Like I said, I like Ile Flottante. I love his music. I also really like Grumpysnorlax. I like what he does. He has a real video game sound. I like this other guy, he’s named Melvin. He’s from Salt Lake City, I really like his production as well, too. Brother Kandoo as well. I like Damon. I like what Damon’s doing for the community, even though he’s strict as hell in his Tsunami group haha. He’s super strict. But I understand.

I’m also a big fan of guys from the UK. You are really passionate about the genre. I see it. I see the visuals. I really follow you all a lot more because you all post up more than probably anybody from the US. So, I’m really a fan of what you do over there.

So, it’s almost like you feel the community should be paying more attention to the community, rather than external influences or however you want to phrase it.

Here’s the thing, man. I went to school for marketing and business at one point in time. I didn’t finish, though.
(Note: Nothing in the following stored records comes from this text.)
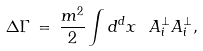Convert formula to latex. <formula><loc_0><loc_0><loc_500><loc_500>\Delta \Gamma \, = \, \frac { m ^ { 2 } } { 2 } \int d ^ { d } x \ A ^ { \perp } _ { i } A ^ { \perp } _ { i } ,</formula> 
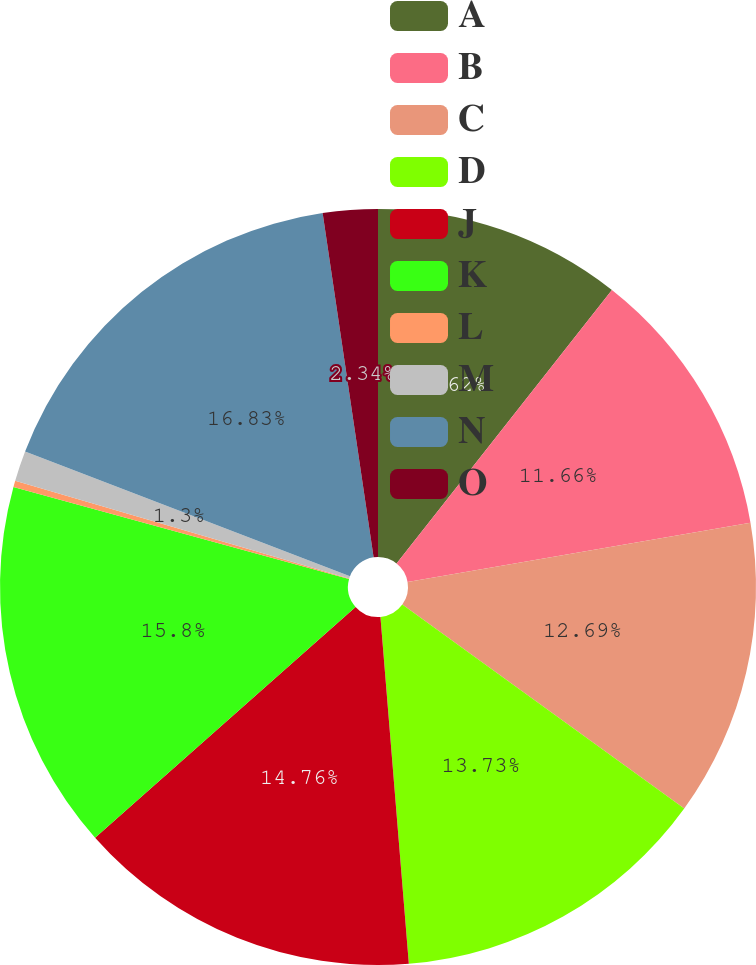Convert chart. <chart><loc_0><loc_0><loc_500><loc_500><pie_chart><fcel>A<fcel>B<fcel>C<fcel>D<fcel>J<fcel>K<fcel>L<fcel>M<fcel>N<fcel>O<nl><fcel>10.62%<fcel>11.66%<fcel>12.69%<fcel>13.73%<fcel>14.76%<fcel>15.8%<fcel>0.27%<fcel>1.3%<fcel>16.83%<fcel>2.34%<nl></chart> 
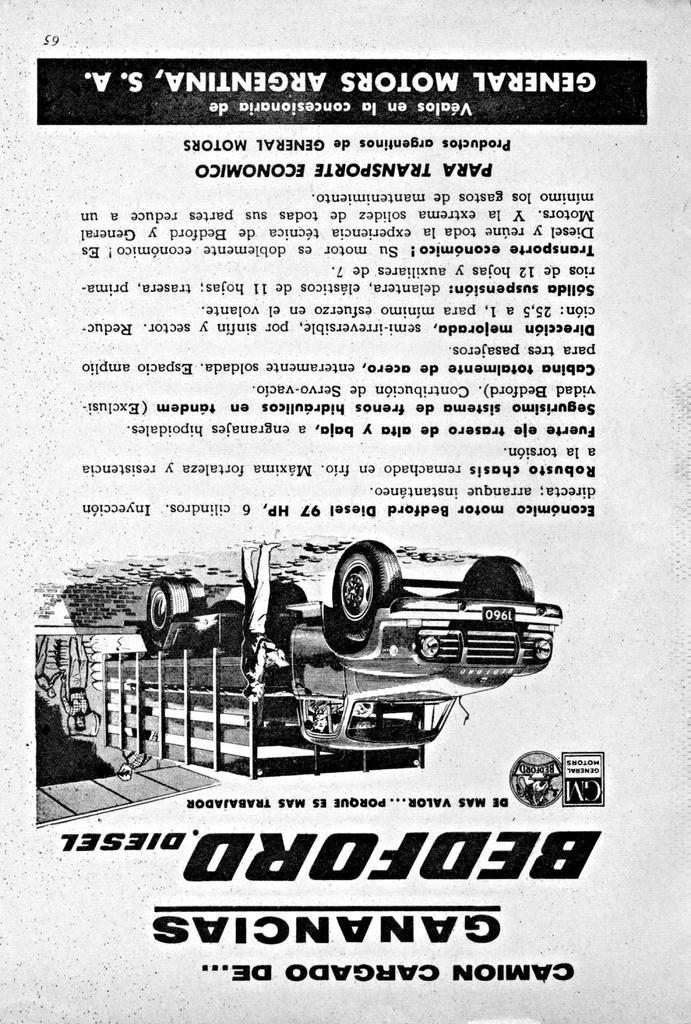Please provide a concise description of this image. This is a poster having animated image and black and white color texts. In this image, we can see there is a vehicle and there are persons. And the background of this poster is white in color. 
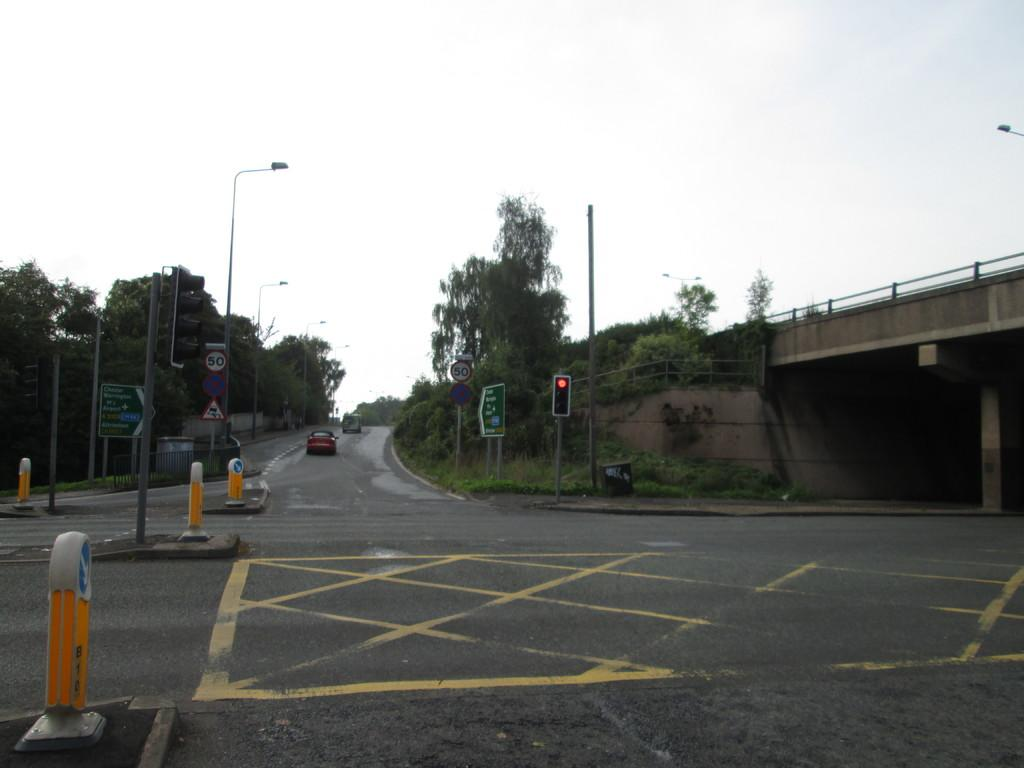What type of infrastructure is visible in the image? There is a road and a flyover in the image. What can be seen on both sides of the road? Trees and street lights are present on both sides of the road. What type of jewel is being exchanged between friends in the image? There are no friends or jewels present in the image; it features a road, a flyover, trees, and street lights.

But to understand the music business, it is a business, but it’s also, we as the beat community or the Lo-Fi community, we created our own lane, which I love. You’re basically saying you don’t need a business to push your music out anymore. You can just push yourself as an artist.

Yeah, exactly.

So, to grow, we need to do more advertisement for the community, and do more shows. Y’all just did a show recently and I watched some of the footage, and I liked it. I want to see more of it, and to put more of it in the spotlight. We need to have a group thing where we do a little Boiler Room spotlight on everybody that performs. Each show, and just broadcast it out a little bit.

So, for you, the next step is very much about getting out into the real world with live shows?

Yeah. And also building relationships. As of next year, I plan on doing more shows in LA because as far as the Beats scene and the Lo-Fi scene, LA and Atlanta is pretty much the Mecca of it. Mainly because Controllerise made their thing in Atlanta, and they made it more popular to go down there and do shows. But in LA, you have beat culture, you’ve got beat sets, you’ve got the Low End Theory. You have all these different things in LA, and I think it’s good for us to connect with those people and be able to do those shows down there, and build those relationships up with those people.

I totally get you. Playing live will increase our interconnectivity, basically.

Playing live and I think creating platforms, like this, where you’re interviewing Lo-Fi producers. Having sit downs with them, talking with them about their process, talking about how they come up with their ideas, talking about what speaks to them. All that different stuff. I think that’s the only way we can grow with the community and keep going. Like there was no Memphis Lo-Fi scene until I just raised my hand and said, hey, I want to do some Lo-Fi shows in Memphis!

What’s next for Odd Wilson? What’s coming up that we should be excited about?

You definitely should be excited about this beat tape I’m working on. I’m working on a full length beat tape. As you mentioned earlier, I do play around with sounds, and I do do a lot of different things, so this beat tape is going to be a departure from anything… well it’s not really a departure. I’m basically going back into sampling. But it’s going to be a more upbeat, more happy feeling project. I’m picking some very unique samples. I’m going in a more Flamingosis style production with this one. A little different. And I got some dope features on this particular project. I think you’re going to like it. It’s still in that Lo-Fi Chillhop vein, but it’s going to be a little bit more upbeat. In a totally Odd Wilson way.